**Task details**
As you look over the data below, please find each line where the word "Units" appears, then copy it.

+---+

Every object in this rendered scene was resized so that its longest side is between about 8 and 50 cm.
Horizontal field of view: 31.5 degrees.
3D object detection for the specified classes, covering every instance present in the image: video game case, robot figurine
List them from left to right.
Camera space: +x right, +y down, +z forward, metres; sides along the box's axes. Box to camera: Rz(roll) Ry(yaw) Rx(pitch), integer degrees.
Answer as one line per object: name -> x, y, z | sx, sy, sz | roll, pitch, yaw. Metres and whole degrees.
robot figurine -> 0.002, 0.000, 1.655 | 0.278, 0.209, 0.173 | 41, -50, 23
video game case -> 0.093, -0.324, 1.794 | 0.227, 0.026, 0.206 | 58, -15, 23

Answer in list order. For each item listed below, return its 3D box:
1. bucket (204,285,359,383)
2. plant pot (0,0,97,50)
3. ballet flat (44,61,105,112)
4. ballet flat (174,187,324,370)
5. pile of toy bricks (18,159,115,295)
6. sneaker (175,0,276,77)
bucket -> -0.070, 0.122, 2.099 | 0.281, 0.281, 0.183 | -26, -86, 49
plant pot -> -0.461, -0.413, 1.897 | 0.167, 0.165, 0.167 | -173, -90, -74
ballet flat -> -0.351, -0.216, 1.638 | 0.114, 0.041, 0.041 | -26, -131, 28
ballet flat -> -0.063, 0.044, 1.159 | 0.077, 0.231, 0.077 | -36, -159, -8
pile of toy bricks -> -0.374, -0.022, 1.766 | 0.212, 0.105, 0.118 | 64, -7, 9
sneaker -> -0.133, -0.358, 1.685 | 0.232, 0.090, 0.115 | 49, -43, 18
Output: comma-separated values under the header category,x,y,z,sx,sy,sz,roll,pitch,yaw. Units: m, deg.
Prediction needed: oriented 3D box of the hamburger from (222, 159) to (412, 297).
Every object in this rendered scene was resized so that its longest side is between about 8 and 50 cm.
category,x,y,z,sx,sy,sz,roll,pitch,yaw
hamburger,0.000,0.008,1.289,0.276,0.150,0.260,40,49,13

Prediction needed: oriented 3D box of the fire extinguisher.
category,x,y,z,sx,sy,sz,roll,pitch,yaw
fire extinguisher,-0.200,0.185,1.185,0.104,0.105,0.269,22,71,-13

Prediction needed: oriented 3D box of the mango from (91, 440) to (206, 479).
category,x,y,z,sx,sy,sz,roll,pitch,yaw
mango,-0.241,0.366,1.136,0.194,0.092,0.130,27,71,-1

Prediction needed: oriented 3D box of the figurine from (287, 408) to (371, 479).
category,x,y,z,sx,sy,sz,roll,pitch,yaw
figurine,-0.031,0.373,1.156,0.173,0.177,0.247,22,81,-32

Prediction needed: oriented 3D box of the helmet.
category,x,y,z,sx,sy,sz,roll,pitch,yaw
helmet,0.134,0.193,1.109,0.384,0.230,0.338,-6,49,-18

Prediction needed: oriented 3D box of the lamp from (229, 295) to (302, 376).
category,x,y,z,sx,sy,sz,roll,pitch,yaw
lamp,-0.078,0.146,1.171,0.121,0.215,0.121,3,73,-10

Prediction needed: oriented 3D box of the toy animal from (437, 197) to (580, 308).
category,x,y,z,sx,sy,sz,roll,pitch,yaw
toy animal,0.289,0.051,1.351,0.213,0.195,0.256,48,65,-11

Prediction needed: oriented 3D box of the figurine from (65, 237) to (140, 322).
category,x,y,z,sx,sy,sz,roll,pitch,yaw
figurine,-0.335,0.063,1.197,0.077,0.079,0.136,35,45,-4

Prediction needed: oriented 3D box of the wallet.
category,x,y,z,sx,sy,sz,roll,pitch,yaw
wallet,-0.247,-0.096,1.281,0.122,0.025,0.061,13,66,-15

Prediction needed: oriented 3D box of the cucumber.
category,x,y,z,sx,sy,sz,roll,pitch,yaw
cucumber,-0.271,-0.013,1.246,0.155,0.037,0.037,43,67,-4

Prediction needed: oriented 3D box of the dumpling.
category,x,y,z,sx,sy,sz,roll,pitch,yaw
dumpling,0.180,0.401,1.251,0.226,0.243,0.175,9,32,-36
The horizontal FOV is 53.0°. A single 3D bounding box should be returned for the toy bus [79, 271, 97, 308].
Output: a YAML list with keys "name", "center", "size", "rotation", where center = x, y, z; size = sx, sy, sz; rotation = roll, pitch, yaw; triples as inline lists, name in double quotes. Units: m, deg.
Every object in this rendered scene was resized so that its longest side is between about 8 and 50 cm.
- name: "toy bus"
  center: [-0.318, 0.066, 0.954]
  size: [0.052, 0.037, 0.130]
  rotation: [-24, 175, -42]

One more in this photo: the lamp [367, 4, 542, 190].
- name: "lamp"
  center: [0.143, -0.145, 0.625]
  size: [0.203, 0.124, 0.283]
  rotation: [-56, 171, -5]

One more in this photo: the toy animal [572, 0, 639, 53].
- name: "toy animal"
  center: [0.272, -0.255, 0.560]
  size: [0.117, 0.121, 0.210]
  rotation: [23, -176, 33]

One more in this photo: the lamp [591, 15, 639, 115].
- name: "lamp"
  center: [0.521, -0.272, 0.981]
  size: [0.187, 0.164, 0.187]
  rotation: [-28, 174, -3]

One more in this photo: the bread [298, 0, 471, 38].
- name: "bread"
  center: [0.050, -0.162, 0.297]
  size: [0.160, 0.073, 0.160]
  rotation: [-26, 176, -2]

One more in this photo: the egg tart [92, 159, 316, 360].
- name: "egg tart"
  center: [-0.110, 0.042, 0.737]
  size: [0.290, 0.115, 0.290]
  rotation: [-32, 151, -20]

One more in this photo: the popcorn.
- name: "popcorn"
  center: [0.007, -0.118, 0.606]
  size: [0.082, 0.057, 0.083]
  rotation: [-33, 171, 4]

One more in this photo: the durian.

+---+

**Written response**
Output: comma-separated values under the header category,x,y,z,sx,sy,sz,roll,pitch,yaw. Units: m, deg.
Output: a YAML list with keys "name", "center", "size", "rotation", where center = x, y, z; size = sx, sy, sz; rotation = roll, pitch, yaw; triples as inline lists, name in double quotes. Units: m, deg.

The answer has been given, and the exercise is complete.